You may apply for patents in many different countries. IP Australia can perform an international type search on your invention once you have filed a provisional patent. This will help you to determine the likelihood of a granted patent before you make a heavy investment to patent in multiple countries.
Patents can focus on being the end user product or can be a component in the end user product. For example, an iPhone contains multiple patents that Apple have purchased or licensed to include within it. Thomas Edison developed the light globe by purchasing several other patents, extracting certain parts and creating one end user product.
Skilled experts must prepare patents, as their wording is extremely important. You always need to consider that someone is going to try and copy your invention. You cannot draft the patent and later claim that you did not mean it in that way.
If there is money to be made from your invention, others will seek to find weaknesses in your patent and attempt to erode your monopoly rights.
The two patents that exist are standard patents and innovation patents. The first deals with inventions while the latter deals with innovations. There are specific differences.

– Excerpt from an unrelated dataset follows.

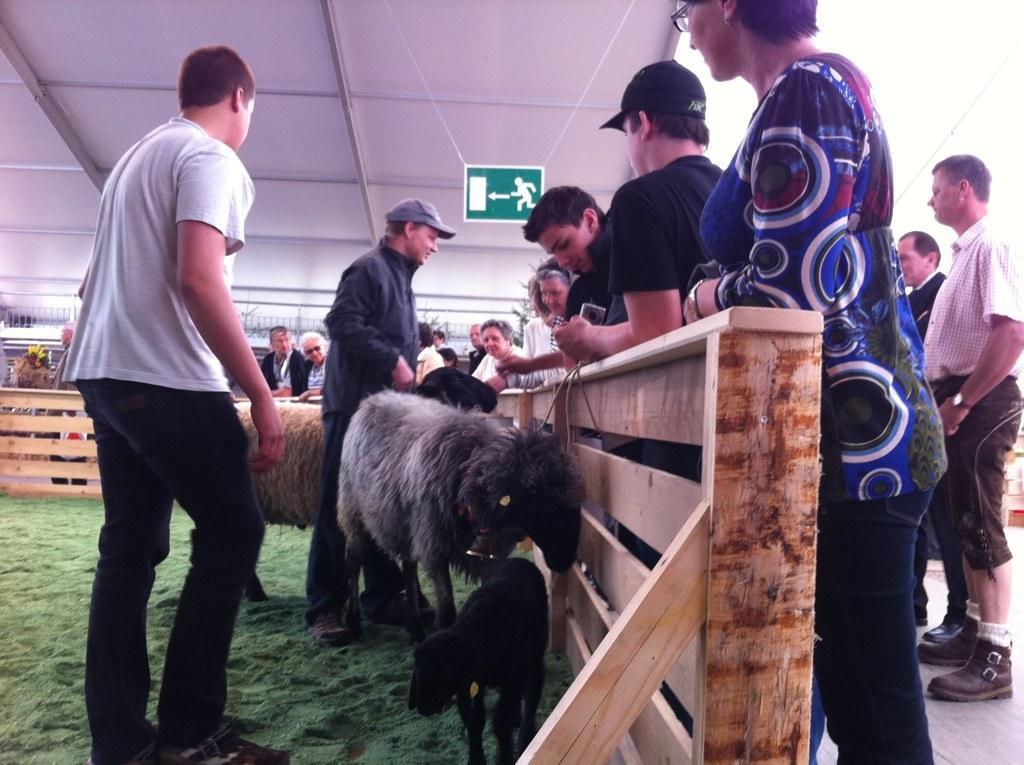Please provide a concise description of this image. In this image I can see animals standing in front of the wooden fence and there are two persons standing in front of animals and back side of the fence I can see few persons and a sign board attached to the roof in the middle.

A provisional patent allows you to file your application with IP Australia, with 12 months to file the standard full application. This allows you to gain the earliest possible priority date against possible competitors, without having to commit yourself to the time and expense of a standard full application.
Provisional patent applications give you time to assess the economic benefits of pursuing the full standard patent. You will be able to talk to potential customers and possible licensees to establish the commercial viability of the patent.
It is obviously difficult to talk to customers and possible licensees even with a confidentiality agreement in place prior to submitting any patent application.
IP Australia will not disclose the workings of a provisional patent, but will disclose the invention title and the applicant’s name.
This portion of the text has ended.